I was just looking through the archives for stuffed pork loin yesterday being as they're on sale up here this week.  Nick sent me several of his that were lost by ePhotoHut (thanks again Nick) and Zilla's looked real good too. BigGQ, yours looks great too!  =P~  Got any bigger pics? And can you tell us more about what's in there and how you prep'd/cooked it? Real nice char on the corn!  =P~


----------



## BigGQ (Jul 10, 2006)

The Joker said:
			
		

> I was just looking through the archives for stuffed pork loin yesterday being as they're on sale up here this week.  Nick sent me several of his that were lost by ePhotoHut (thanks again Nick) and Zilla's looked real good too.
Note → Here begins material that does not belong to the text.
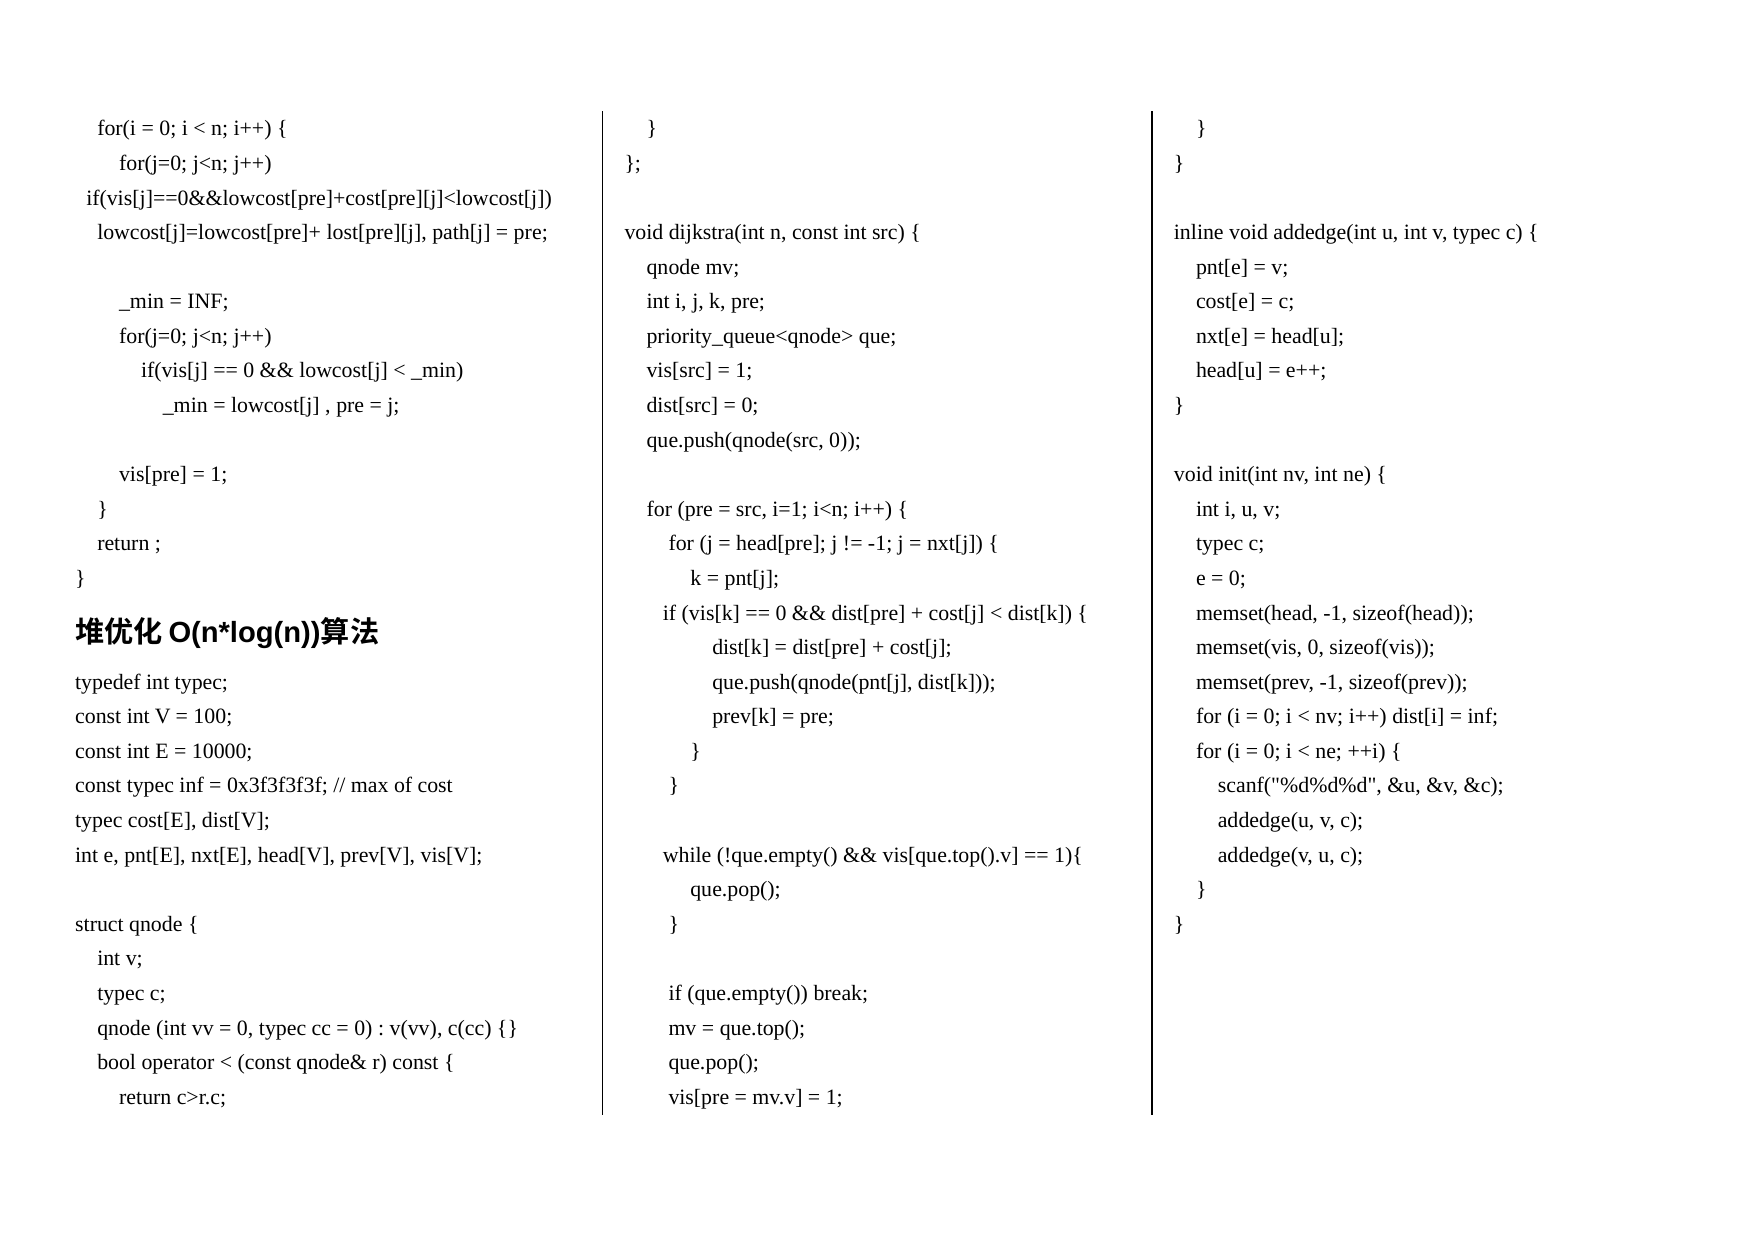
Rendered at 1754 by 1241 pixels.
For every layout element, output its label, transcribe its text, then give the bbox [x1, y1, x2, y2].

BigGQ, yours looks great too!  =P~  Got any bigger pics? And can you tell us more about what's in there and how you prep'd/cooked it? Real nice char on the corn!  =P~



Image shack won't take it any bigger.  I'm new at this pic posting and still learning.

Stuffed it with proscietto ham, asparagus, baby portabellas, green onions and a white cheese (can't remember exactly which one) and tied it up with butcher string.  Sprinkled some wolf rub (outstanding stuff) on it and threw it on the Weber Silver B, on medium for about 1 hour and 20 minutes.  Pulled it at 145 degrees.


----------



## Guest (Jul 10, 2006)

Here's a larger version of BigGQ's Stuffed Pork Loin ~ It looks fantastik and very moist!  =P~  =P~  Thanks BigGQ!!


----------



## Guest (Jul 10, 2006)

Cappy, I'm still laughing!  :grin:  Got any sliced pics?    

Sorry..


----------



## Bill The Grill Guy (Jul 10, 2006)

I love stuffed pork loin.  That is one fine looking plate you gots there.


----------



## Captain Morgan (Jul 10, 2006)

I stopped taking pics after that first one.


----------



## Nick Prochilo (Jul 10, 2006)

Captain Morgan said:
			
		

> That ain't overstuffed.
> 
> This is overstuffed.
> 
> ...



Cappy, did you get your shoelaces back when you were done cooking that bad boy?


----------



## Green Hornet (Jul 10, 2006)

Nick Prochilo said:
			
		

> [quote="Captain Morgan":1ip2v35a]That ain't overstuffed.
> 
> This is overstuffed.
> 
> ...



Cappy, did you get your shoelaces back when you were done cooking that bad boy?[/quote:1ip2v35a]

I thought they were Jethro's belt from the Beverly Hillbillies! :grin:


----------



## JWJR40 (Jul 10, 2006)

That loin looks really good.  How long does it take to cook?


----------



## Captain Morgan (Jul 11, 2006)

I'd gone on a search for cooking stringy stuff, couldn't find it.  So I bought
twine and washed it in hot water.  This was one of those things I fed the poker boys.  No one died.


----------



## BigGQ (Jul 11, 2006)

Captain Morgan said:
			
		

> This was one of those things I fed the poker boys.  No one died.


----------